Google is bringing in stricter rules for Chrome extension developers, a move should reduce the risk of crypto hacks and mining malware.
Announced Monday, the web and technology giant is planning a series of changes to the way Chrome handles extensions that request extensive permissions, and is also tightening the rules for developers distributing extensions via the Chrome Web Store.
Google said in a blog post:
“It’s crucial that users be able to trust the extensions they install are safe, privacy-preserving, and performant. Users should always have full transparency about the scope of their extensions’ capabilities and data access.”
From Chrome 70 (currently in beta), users will have the ability to restrict an extension’s access to a custom list of sites, or to set extensions to require permission each time they need to gain access to a page, the company explains.
Google adds that extensions that request “powerful permissions” will be subjected to “additional compliance review.”
“We’re also looking very closely at extensions that use remotely hosted code, with ongoing monitoring,” the post states.

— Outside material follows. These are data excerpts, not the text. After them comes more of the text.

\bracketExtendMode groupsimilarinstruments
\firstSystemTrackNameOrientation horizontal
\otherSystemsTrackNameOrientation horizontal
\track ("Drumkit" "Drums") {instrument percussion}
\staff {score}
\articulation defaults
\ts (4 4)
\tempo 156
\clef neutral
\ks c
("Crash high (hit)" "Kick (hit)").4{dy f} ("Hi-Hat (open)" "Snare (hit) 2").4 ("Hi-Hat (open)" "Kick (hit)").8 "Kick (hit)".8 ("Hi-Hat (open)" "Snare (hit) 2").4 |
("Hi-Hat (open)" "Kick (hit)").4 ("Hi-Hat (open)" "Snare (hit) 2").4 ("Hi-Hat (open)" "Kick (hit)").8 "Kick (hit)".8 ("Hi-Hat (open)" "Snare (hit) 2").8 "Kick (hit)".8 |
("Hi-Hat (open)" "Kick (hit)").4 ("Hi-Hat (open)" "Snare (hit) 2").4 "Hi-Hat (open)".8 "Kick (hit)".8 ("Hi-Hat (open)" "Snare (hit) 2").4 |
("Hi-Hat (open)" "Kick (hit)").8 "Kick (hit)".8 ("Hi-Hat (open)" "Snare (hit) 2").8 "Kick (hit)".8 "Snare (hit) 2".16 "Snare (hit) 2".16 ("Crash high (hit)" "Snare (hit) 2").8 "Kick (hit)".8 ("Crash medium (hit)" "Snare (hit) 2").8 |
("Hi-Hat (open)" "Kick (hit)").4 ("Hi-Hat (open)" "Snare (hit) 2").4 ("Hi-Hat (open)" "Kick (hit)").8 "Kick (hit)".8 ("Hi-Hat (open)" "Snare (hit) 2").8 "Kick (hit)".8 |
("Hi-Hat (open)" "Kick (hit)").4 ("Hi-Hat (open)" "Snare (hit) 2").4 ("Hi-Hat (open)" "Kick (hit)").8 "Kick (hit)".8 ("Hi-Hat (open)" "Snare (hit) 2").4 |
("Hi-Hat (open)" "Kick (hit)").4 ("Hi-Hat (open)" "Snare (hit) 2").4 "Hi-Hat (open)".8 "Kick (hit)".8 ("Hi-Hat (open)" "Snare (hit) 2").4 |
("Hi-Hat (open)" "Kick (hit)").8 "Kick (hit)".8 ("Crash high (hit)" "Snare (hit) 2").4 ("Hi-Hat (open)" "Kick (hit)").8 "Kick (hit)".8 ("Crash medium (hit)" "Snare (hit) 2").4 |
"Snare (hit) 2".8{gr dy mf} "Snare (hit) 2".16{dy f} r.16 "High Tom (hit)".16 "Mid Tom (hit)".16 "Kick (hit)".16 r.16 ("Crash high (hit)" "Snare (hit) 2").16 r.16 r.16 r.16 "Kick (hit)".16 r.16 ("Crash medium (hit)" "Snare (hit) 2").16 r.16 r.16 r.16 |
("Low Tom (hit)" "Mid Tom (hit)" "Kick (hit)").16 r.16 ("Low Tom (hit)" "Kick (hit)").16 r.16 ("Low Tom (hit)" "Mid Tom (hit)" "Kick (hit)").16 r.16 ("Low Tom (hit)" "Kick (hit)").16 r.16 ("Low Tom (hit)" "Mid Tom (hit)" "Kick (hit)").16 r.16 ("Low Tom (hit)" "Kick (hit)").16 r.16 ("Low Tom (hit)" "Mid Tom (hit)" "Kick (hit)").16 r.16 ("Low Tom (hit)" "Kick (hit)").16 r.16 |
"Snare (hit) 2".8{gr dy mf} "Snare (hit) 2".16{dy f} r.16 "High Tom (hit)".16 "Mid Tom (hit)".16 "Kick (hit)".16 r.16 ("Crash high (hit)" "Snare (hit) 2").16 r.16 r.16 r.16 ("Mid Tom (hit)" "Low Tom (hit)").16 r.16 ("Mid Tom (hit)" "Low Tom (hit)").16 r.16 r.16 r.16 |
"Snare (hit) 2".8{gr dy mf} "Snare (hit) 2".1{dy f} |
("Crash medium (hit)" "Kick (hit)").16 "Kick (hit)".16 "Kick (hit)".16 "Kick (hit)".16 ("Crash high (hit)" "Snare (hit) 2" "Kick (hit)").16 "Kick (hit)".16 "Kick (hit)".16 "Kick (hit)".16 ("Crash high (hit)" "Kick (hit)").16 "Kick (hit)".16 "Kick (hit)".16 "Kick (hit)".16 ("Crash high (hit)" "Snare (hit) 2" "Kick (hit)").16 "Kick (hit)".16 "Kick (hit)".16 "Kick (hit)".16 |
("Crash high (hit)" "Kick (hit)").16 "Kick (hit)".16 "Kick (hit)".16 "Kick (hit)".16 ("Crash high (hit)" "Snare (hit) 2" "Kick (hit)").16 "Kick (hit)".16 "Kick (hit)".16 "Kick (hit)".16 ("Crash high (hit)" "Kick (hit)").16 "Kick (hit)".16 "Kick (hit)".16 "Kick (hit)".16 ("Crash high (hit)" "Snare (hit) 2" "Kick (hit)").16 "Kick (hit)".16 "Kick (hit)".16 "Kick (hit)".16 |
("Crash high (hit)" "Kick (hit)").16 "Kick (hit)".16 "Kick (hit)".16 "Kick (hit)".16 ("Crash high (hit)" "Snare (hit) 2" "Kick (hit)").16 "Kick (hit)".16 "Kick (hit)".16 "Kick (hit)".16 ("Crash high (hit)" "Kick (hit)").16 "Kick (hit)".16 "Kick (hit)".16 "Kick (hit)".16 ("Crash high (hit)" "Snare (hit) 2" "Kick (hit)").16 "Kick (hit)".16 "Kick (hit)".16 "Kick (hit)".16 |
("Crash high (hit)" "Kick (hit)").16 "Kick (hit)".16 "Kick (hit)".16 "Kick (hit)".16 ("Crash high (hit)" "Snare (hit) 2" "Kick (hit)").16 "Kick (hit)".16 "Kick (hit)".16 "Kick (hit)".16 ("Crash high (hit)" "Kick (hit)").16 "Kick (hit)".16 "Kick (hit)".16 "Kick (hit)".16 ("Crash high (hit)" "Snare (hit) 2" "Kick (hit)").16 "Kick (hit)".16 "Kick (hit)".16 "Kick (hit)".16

The firm explains the move, saying “While host permissions have enabled thousands of powerful and creative extension use cases, they have also led to a broad range of misuse – both malicious and unintentional … Our aim is to improve user transparency and control over when extensions are able to access site data.”

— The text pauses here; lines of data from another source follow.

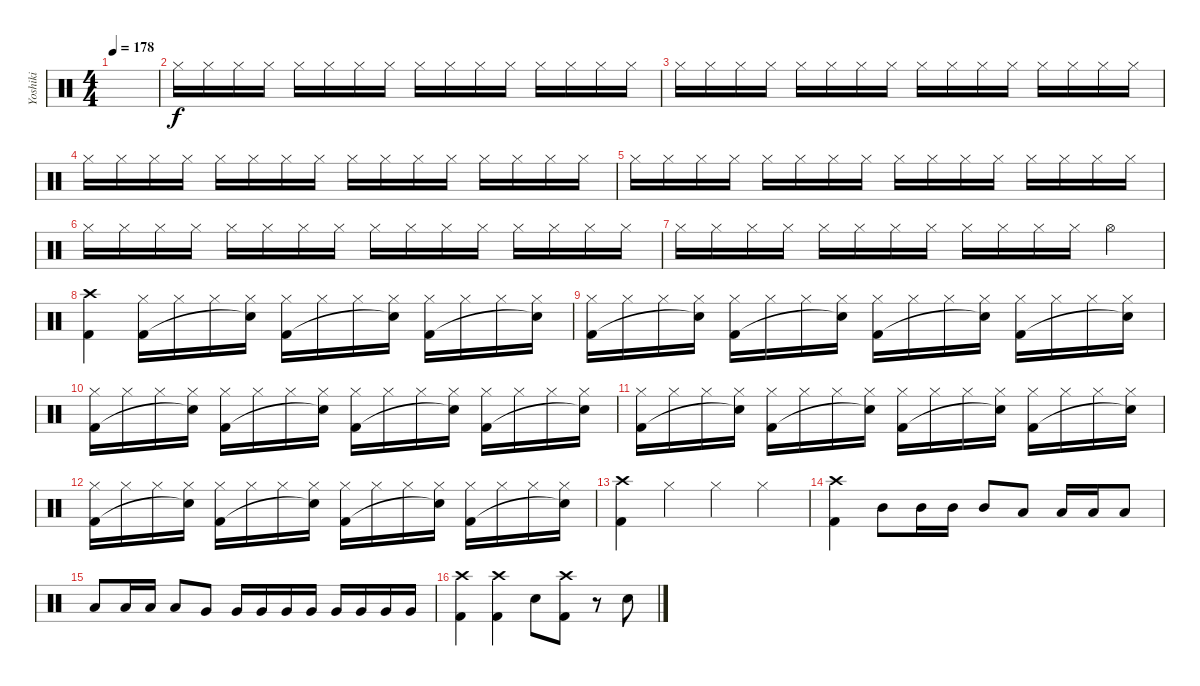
\track ("Yoshiki" "Yoshiki") {instrument percussion}
\staff {score}
\articulation defaults
\ts (4 4)
\tempo 178
\clef neutral
\ks c
|
"Hi-Hat (closed)".16 "Hi-Hat (closed)".16 "Hi-Hat (closed)".16 "Hi-Hat (closed)".16 "Hi-Hat (closed)".16 "Hi-Hat (closed)".16 "Hi-Hat (closed)".16 "Hi-Hat (closed)".16 "Hi-Hat (closed)".16 "Hi-Hat (closed)".16 "Hi-Hat (closed)".16 "Hi-Hat (closed)".16 "Hi-Hat (closed)".16 "Hi-Hat (closed)".16 "Hi-Hat (closed)".16 "Hi-Hat (closed)".16 |
"Hi-Hat (closed)".16 "Hi-Hat (closed)".16 "Hi-Hat (closed)".16 "Hi-Hat (closed)".16 "Hi-Hat (closed)".16 "Hi-Hat (closed)".16 "Hi-Hat (closed)".16 "Hi-Hat (closed)".16 "Hi-Hat (closed)".16 "Hi-Hat (closed)".16 "Hi-Hat (closed)".16 "Hi-Hat (closed)".16 "Hi-Hat (closed)".16 "Hi-Hat (closed)".16 "Hi-Hat (closed)".16 "Hi-Hat (closed)".16 |
"Hi-Hat (closed)".16 "Hi-Hat (closed)".16 "Hi-Hat (closed)".16 "Hi-Hat (closed)".16 "Hi-Hat (closed)".16 "Hi-Hat (closed)".16 "Hi-Hat (closed)".16 "Hi-Hat (closed)".16 "Hi-Hat (closed)".16 "Hi-Hat (closed)".16 "Hi-Hat (closed)".16 "Hi-Hat (closed)".16 "Hi-Hat (closed)".16 "Hi-Hat (closed)".16 "Hi-Hat (closed)".16 "Hi-Hat (closed)".16 |
"Hi-Hat (closed)".16 "Hi-Hat (closed)".16 "Hi-Hat (closed)".16 "Hi-Hat (closed)".16 "Hi-Hat (closed)".16 "Hi-Hat (closed)".16 "Hi-Hat (closed)".16 "Hi-Hat (closed)".16 "Hi-Hat (closed)".16 "Hi-Hat (closed)".16 "Hi-Hat (closed)".16 "Hi-Hat (closed)".16 "Hi-Hat (closed)".16 "Hi-Hat (closed)".16 "Hi-Hat (closed)".16 "Hi-Hat (closed)".16 |
"Hi-Hat (closed)".16 "Hi-Hat (closed)".16 "Hi-Hat (closed)".16 "Hi-Hat (closed)".16 "Hi-Hat (closed)".16 "Hi-Hat (closed)".16 "Hi-Hat (closed)".16 "Hi-Hat (closed)".16 "Hi-Hat (closed)".16 "Hi-Hat (closed)".16 "Hi-Hat (closed)".16 "Hi-Hat (closed)".16 "Hi-Hat (closed)".16 "Hi-Hat (closed)".16 "Hi-Hat (closed)".16 "Hi-Hat (closed)".16 |
"Hi-Hat (closed)".16 "Hi-Hat (closed)".16 "Hi-Hat (closed)".16 "Hi-Hat (closed)".16 "Hi-Hat (closed)".16 "Hi-Hat (closed)".16 "Hi-Hat (closed)".16 "Hi-Hat (closed)".16 "Hi-Hat (closed)".16 "Hi-Hat (closed)".16 "Hi-Hat (closed)".16 "Hi-Hat (closed)".16 "Hi-Hat (open)".4 |
("Crash high (hit)" "Kick (hit) 2").4 ("Hi-Hat (closed)" "Kick (hit) 2").16 "Hi-Hat (closed)".16 "Hi-Hat (closed)".16 ("Hi-Hat (closed)" "Snare (hit)"{t}).16 ("Hi-Hat (closed)" "Kick (hit) 2").16 "Hi-Hat (closed)".16 "Hi-Hat (closed)".16 ("Hi-Hat (closed)" "Snare (hit)"{t}).16 ("Hi-Hat (closed)" "Kick (hit) 2").16 "Hi-Hat (closed)".16 "Hi-Hat (closed)".16 ("Hi-Hat (closed)" "Snare (hit)"{t}).16 |
("Hi-Hat (closed)" "Kick (hit) 2").16 "Hi-Hat (closed)".16 "Hi-Hat (closed)".16 ("Hi-Hat (closed)" "Snare (hit)"{t}).16 ("Hi-Hat (closed)" "Kick (hit) 2").16 "Hi-Hat (closed)".16 "Hi-Hat (closed)".16 ("Hi-Hat (closed)" "Snare (hit)"{t}).16 ("Hi-Hat (closed)" "Kick (hit) 2").16 "Hi-Hat (closed)".16 "Hi-Hat (closed)".16 ("Hi-Hat (closed)" "Snare (hit)"{t}).16 ("Hi-Hat (closed)" "Kick (hit) 2").16 "Hi-Hat (closed)".16 "Hi-Hat (closed)".16 ("Hi-Hat (closed)" "Snare (hit)"{t}).16 |
("Hi-Hat (closed)" "Kick (hit) 2").16 "Hi-Hat (closed)".16 "Hi-Hat (closed)".16 ("Hi-Hat (closed)" "Snare (hit)"{t}).16 ("Hi-Hat (closed)" "Kick (hit) 2").16 "Hi-Hat (closed)".16 "Hi-Hat (closed)".16 ("Hi-Hat (closed)" "Snare (hit)"{t}).16 ("Hi-Hat (closed)" "Kick (hit) 2").16 "Hi-Hat (closed)".16 "Hi-Hat (closed)".16 ("Hi-Hat (closed)" "Snare (hit)"{t}).16 ("Hi-Hat (closed)" "Kick (hit) 2").16 "Hi-Hat (closed)".16 "Hi-Hat (closed)".16 ("Hi-Hat (closed)" "Snare (hit)"{t}).16 |
("Hi-Hat (closed)" "Kick (hit) 2").16 "Hi-Hat (closed)".16 "Hi-Hat (closed)".16 ("Hi-Hat (closed)" "Snare (hit)"{t}).16 ("Hi-Hat (closed)" "Kick (hit) 2").16 "Hi-Hat (closed)".16 "Hi-Hat (closed)".16 ("Hi-Hat (closed)" "Snare (hit)"{t}).16 ("Hi-Hat (closed)" "Kick (hit) 2").16 "Hi-Hat (closed)".16 "Hi-Hat (closed)".16 ("Hi-Hat (closed)" "Snare (hit)"{t}).16 ("Hi-Hat (closed)" "Kick (hit) 2").16 "Hi-Hat (closed)".16 "Hi-Hat (closed)".16 ("Hi-Hat (closed)" "Snare (hit)"{t}).16 |
("Hi-Hat (closed)" "Kick (hit) 2").16 "Hi-Hat (closed)".16 "Hi-Hat (closed)".16 ("Hi-Hat (closed)" "Snare (hit)"{t}).16 ("Hi-Hat (closed)" "Kick (hit) 2").16 "Hi-Hat (closed)".16 "Hi-Hat (closed)".16 ("Hi-Hat (closed)" "Snare (hit)"{t}).16 ("Hi-Hat (closed)" "Kick (hit) 2").16 "Hi-Hat (closed)".16 "Hi-Hat (closed)".16 ("Hi-Hat (closed)" "Snare (hit)"{t}).16 ("Hi-Hat (closed)" "Kick (hit) 2").16 "Hi-Hat (closed)".16 "Hi-Hat (closed)".16 ("Hi-Hat (closed)" "Snare (hit)"{t}).16 |
("Crash high (hit)" "Kick (hit) 2").4 "Hi-Hat (closed)".4 "Hi-Hat (closed)".4 "Hi-Hat (closed)".4 |
("Crash high (hit)" "Kick (hit) 2").4 "Mid Tom (hit)".8 "Mid Tom (hit)".16 "Mid Tom (hit)".16 "Mid Tom (hit)".8 "Low Tom (hit)".8 "Low Tom (hit)".16 "Low Tom (hit)".16 "Low Tom (hit)".8 |
"Low Tom (hit)".8 "Low Tom (hit)".16 "Low Tom (hit)".16 "Low Tom (hit)".8 "Very Low Tom (hit)".8 "Very Low Tom (hit)".16 "Very Low Tom (hit)".16 "Very Low Tom (hit)".16 "Very Low Tom (hit)".16 "Very Low Tom (hit)".16 "Very Low Tom (hit)".16 "Very Low Tom (hit)".16 "Very Low Tom (hit)".16 |
("Crash high (hit)" "Kick (hit) 2").4 ("Crash high (hit)" "Kick (hit) 2").4 "Snare (hit) 2".8 ("Crash high (hit)" "Kick (hit) 2").8 r.8 "Snare (hit) 2".8

Google also said that, from Monday, Chrome Web Store will no longer allow extensions with hidden, or obfuscated, code. Existing extensions with obfuscated code have 90 days to comply with the new rule, it adds.

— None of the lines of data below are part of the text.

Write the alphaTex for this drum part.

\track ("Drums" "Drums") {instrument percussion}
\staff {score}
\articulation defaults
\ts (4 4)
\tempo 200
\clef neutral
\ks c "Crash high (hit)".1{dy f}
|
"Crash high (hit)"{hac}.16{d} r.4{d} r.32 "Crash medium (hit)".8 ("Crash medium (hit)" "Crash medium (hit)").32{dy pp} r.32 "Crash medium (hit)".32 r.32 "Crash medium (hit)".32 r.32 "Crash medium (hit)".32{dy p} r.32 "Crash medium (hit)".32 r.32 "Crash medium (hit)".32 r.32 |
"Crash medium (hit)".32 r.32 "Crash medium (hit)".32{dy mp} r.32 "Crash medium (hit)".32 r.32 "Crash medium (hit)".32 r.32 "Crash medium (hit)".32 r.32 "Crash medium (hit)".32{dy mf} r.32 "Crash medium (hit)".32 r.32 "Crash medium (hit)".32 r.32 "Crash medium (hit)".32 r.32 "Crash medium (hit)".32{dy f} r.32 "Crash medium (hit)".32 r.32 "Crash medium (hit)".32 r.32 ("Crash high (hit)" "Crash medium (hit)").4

According to the post, more than 70 percent of “malicious and policy violating extensions” that Google blocks from the Web Store contain obfuscated code. Further, as obfuscation is “mainly used to conceal code functionality,” it greatly adds to the complexity of the Google’s extension review process.
“This is no longer acceptable given the aforementioned review process changes,” Google stated.
And in a final security measure, in 2019, all extension developer accounts must be protected by 2-step verification to lower the risk of hackers taking over an account.
In the past, Chrome extensions have been used by cyber-criminals to provide access to victims machines.
For example, just a month ago, hackers uploaded a malicious version of the Mega extension to the Web Store. People who used the official installer over the next few hours had their accounts compromised, according to ZDNet – including users of the MyEtherWallet and MyMonero crypto wallets, and decentralized exchange IDEX.
Google has also been forced to crack down on extensions that used downloaders’ devices to mine cryptocurrencies without their knowledge. In April, the Web Store blocked extensions that mine cryptocurrencies, whether or not mining was a deliberate feature.